Жизнь проходит не тут. И по сей причине я сразу поставил определенную такую вещь… как обращение к этим силам… Богу… я уж не знаю кому… я вот в последнее время говорю про цивилизацию и эволюцию. Вот этой силе эволюции я и согласен за все платить. Согласен платить всем. Вообще всем. Вот у меня песня «Любо, братцы, любо» про танк (речь идет о редком варианте «Любо, братцы, любо», который появится в альбоме «Реанимация». — Прим. ред.). Это в определенном смысле невиданной мощи вещь — вот она про это все. Поэтому, видимо, вокруг нас люди мрут, а нас обвиняют, что мы не умираем. А мы не умираем. Мы не умрем. Я вообще считаю, что я заслужил уже. Я так себя чувствую… таким вечным. То есть я бессмертный человек. Но за это платится определенными вещами. И в будущем будет платиться. Просто сейчас я не представляю, чем можно еще платить, что будет дальше. Потому что нагрузка идет все сильнее и сильнее. А путь все равно все интереснее и интереснее, собственно говоря. Как там в «Алисе» сказано? Все ужаснее и ужаснее?

— Все страньше и страньше.

— Вот-вот. Я не знаю, мне это нравится. Единственное, я боюсь старости — с точки зрения энергии и прочих таких вещей. Потому что силы… Мне бы сейчас силы молодости, я бы просто столько еще наделал! А сейчас мы уже такие… Начинаются уже болячки. Но это путь такой, правила игры. Мы играем, хорошо играем, я доволен. Самое печальное, что не возникает компании в этом пути, вот в чем дело.

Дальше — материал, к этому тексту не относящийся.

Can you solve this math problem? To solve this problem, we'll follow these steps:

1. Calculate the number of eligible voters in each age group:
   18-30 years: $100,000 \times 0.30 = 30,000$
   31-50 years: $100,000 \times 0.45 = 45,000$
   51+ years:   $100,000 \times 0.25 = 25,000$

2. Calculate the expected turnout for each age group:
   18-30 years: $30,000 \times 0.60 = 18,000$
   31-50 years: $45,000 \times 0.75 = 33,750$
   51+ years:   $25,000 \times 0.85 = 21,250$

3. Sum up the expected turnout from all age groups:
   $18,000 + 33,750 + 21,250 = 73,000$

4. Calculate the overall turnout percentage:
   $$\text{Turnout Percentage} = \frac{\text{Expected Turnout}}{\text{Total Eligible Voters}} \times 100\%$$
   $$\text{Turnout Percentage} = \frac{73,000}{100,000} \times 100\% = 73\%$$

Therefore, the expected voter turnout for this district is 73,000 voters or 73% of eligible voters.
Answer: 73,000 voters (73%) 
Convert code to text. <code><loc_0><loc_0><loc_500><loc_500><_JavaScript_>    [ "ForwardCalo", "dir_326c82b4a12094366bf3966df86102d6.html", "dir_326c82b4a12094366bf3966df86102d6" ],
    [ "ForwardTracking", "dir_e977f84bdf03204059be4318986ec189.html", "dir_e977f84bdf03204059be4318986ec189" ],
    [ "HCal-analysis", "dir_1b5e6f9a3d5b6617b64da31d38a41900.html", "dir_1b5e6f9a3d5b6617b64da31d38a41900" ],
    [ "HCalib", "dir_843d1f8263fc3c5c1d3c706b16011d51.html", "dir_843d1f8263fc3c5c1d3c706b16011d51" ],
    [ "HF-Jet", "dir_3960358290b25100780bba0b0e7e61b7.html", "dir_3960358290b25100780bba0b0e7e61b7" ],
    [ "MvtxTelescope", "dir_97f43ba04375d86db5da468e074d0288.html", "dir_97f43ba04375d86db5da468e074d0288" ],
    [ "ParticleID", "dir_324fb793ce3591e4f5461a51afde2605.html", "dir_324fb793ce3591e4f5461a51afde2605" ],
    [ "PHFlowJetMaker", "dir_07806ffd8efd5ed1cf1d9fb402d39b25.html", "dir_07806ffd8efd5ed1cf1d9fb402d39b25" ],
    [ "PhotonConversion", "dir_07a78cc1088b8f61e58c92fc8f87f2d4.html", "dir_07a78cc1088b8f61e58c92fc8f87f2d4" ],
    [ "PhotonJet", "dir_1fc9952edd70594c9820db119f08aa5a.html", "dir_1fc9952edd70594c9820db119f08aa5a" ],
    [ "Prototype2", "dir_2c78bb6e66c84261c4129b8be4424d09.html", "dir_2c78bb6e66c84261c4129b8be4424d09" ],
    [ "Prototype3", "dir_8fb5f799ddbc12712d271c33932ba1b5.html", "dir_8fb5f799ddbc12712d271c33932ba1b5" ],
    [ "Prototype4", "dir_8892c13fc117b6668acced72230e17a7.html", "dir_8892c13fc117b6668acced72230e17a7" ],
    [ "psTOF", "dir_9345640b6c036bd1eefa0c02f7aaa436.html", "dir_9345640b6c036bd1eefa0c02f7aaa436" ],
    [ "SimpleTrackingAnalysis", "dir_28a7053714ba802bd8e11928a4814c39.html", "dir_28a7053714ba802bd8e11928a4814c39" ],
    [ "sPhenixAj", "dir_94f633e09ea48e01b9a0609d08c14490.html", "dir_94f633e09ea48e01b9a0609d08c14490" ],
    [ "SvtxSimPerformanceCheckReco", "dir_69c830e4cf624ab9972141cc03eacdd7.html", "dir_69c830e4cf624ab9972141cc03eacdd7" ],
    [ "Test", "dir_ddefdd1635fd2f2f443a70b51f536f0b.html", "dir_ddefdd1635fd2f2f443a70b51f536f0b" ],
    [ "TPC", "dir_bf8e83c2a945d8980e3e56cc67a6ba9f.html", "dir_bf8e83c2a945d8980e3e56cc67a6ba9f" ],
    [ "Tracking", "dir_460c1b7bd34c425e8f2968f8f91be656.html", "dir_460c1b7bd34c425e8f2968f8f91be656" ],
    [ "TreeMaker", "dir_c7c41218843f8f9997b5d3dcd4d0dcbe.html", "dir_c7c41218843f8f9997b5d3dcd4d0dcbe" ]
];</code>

На определенном этапе, году в 87-м, до девяностых, была все-таки волна музыкантов и людей. Каким‑то образом — то ли по молодости — они были близки по способности, допустим, платить. Платить за то, что получается. По разным причинам они сошли с дистанции. Отказались платить в силу семейных отношений, ну каких‑то там, я не знаю… А новых не появляется. А сейчас тем более. Сейчас поколение, которое идет, оно не то что потребительское, оно вообще… просто дармоеды какие‑то. Я не вижу каких‑то лютых ярких людей. В той же Японии они есть почему‑то. Или в Штатах.

— А почему они там есть?

— Непонятно. Может, для того чтобы что‑то сделать самостоятельное и настоященское, нужна невиданная диктатура, причем внешняя, на которую нужно реагировать. Бог его знает. У меня внешний толчок, конечно, был оттуда. Но внутренний — не оттуда. Я не могу сказать, что я какой‑то политический музыкант. Мне всегда было, по большому счету, на все насрать глубоко, на все эти политические реалии, на все, что творится. Просто они олицетворяли собой определенный, как бы это сказать, тоталитаризм — причем не человеческий, а вообще, жизненный. Потому что то, что из себя представляет жизнь, — это, собственно говоря, самое страшное и есть.